そこでは、どのようにして六カ国協議の開催に至ったのかを米国の立場から語ることからはじめています。
「中国に対しては、ブッシュ大統領がテキサスのクロフォードで江沢民国家主席に、また2003年2月に、パウエル国務長官から胡錦濤国家主席に、米朝ではなく、地域の関係国全体が参加する多国間のプロセスにおいて、北朝鮮の核開発プログラムの検証かつ不可逆的な放棄をめざすという米国の方針を繰り返し説明するとともに、中国の積極的な関与を求めた。」
「中国は、朝鮮半島の非核化という目的は共有しつつも、当初は米朝での対話を求めるとともに、中国が北朝鮮に対して有する影響力を過大評価しないでもらいたいという態度をとっていたが、2003年2月以降、この政策態度に明確なシフトが見られ、(六カ国協議に先立つ)2003年4月の北京での「3者会合」をホストするようになった。」
「4月の3者会合は、米国としては、あくまでもinitial stepに過ぎず、日本と韓国の参加に向けた予備的会合という位置づけで臨んだ。従って、この3者会合では手の内は見せなかった。中国はこの会合では、ホストとしてふるまった。北朝鮮側は、中国が米国と北朝鮮のmediator(調停者)としてふるまってくれると期待していたようだが、中国は中立の第三者としての調停者ではなく、利害関係者、プラス、ホストとしてふるまった。」
そして六カ国協議について、会議場の「片隅」でおこなわれた北朝鮮との非公式協議も含めて、何が論点となったのかを詳述したあと、参加各国についての米国としての「評価」を述べる中で、
「中国はホストとして、レフェリー役を行う立場にあったが、北朝鮮の孤立化が明確になる中で、北に圧力をかけると同時に、北朝鮮を六カ国会合から逃がさないように、巧妙に退路を断つという役割を演じた。実際に、北朝鮮が、六か国会合の外にはずれることは困難であると認識するようになったのは、中国の功績が大きい。」
「この六か国会合が、これまで安全保障問題について、十分な多国間の枠組みが存在しなかった北東アジアの安全保障の枠組みの嚆矢となりうるとの期待感をも示した。」
六カ国協議から戻ったばかりのこの人物の息遣いが聞こえてくるようなメモですが、中国と米国の関係がどのようなものなのか、行間から実によく伝わってきます。
なかなか複雑で、一筋縄ではいかない、手ごわいものです、米中関係は。
その後の六カ国協議の展開、あるいはたどった道、そして「暗礁」に乗り上げて止まってしまっている現在の状況を考える際に、この「談話」から垣間見える中国と米国の関係について、冷静かつ的確な認識を持っておかないと、いま起きている様々な問題、もちろん「天安」問題をも含む様々な問題の、読み解きが的外れになる恐れがあるということを示しているというべきです。

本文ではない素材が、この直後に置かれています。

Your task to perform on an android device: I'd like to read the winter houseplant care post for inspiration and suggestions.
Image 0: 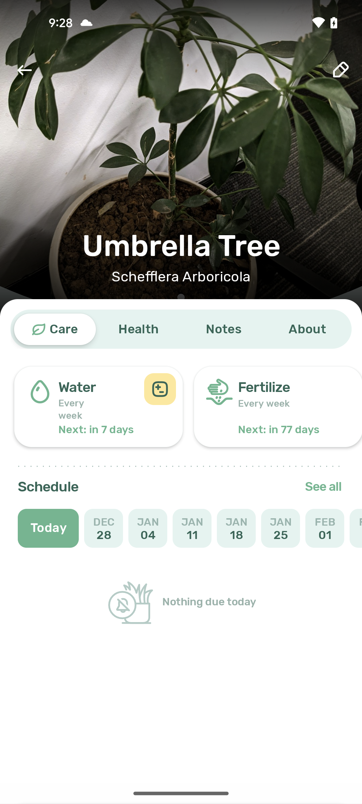
go back
Step 0: press back button
Image 1: 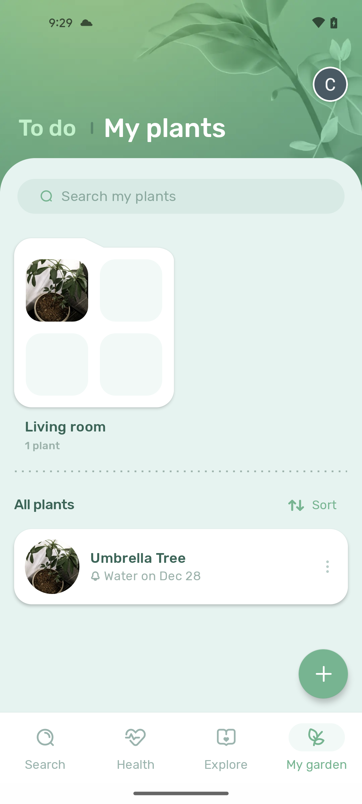
click on explore tab
Step 1: click (226, 748)
Image 2: 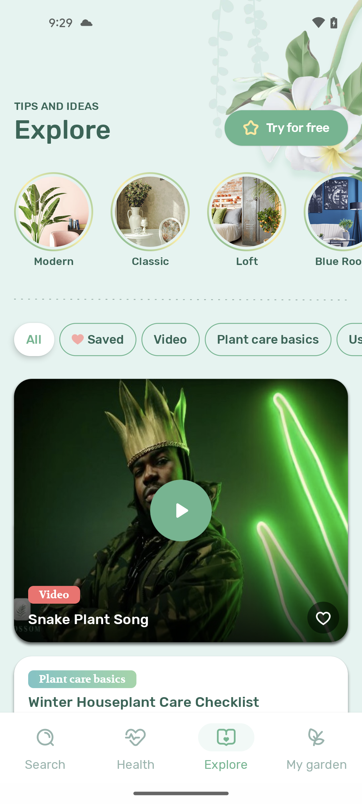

対立もし「協力」、連携もするという米中の国際政治に臨む際のリアリズムとしたたかさについて、しっかり認識しておかないと、物事の本質を見誤るということ、さらにはそこでの、中国の原則というものへの態度について、過不足ない認識が不可欠になるということです。
こうしたところでの深い思考を欠くと、とんでもないミスリードをすることになるのです。
さて、「国連安全保障理事会の議論が始まるので、日中が連携して(北朝鮮に対し)国際社会の意思を示すよう連絡を取り合っていきたい」と要請したという菅首相。
本当に、つまり官邸の発表どおりに、その「要請」を受けて温首相が「日中の緊密な連携が重要だ」と返したことばだとするなら、その含意が奈辺にあるのか、菅首相のそして官邸の、今起きている事態と局面への理解と認識は本当に大丈夫なのだろうかと、いささか考えさせられると言わざるをえません。
中国の存在がカギを握ると、それは間違いのないことではあっても、それほど軽く言えるものではない!ということを肝に銘じておく必要があります。
さて、これだけのことをふまえて、国連の安全保障理事会の行方に注目してみましょう。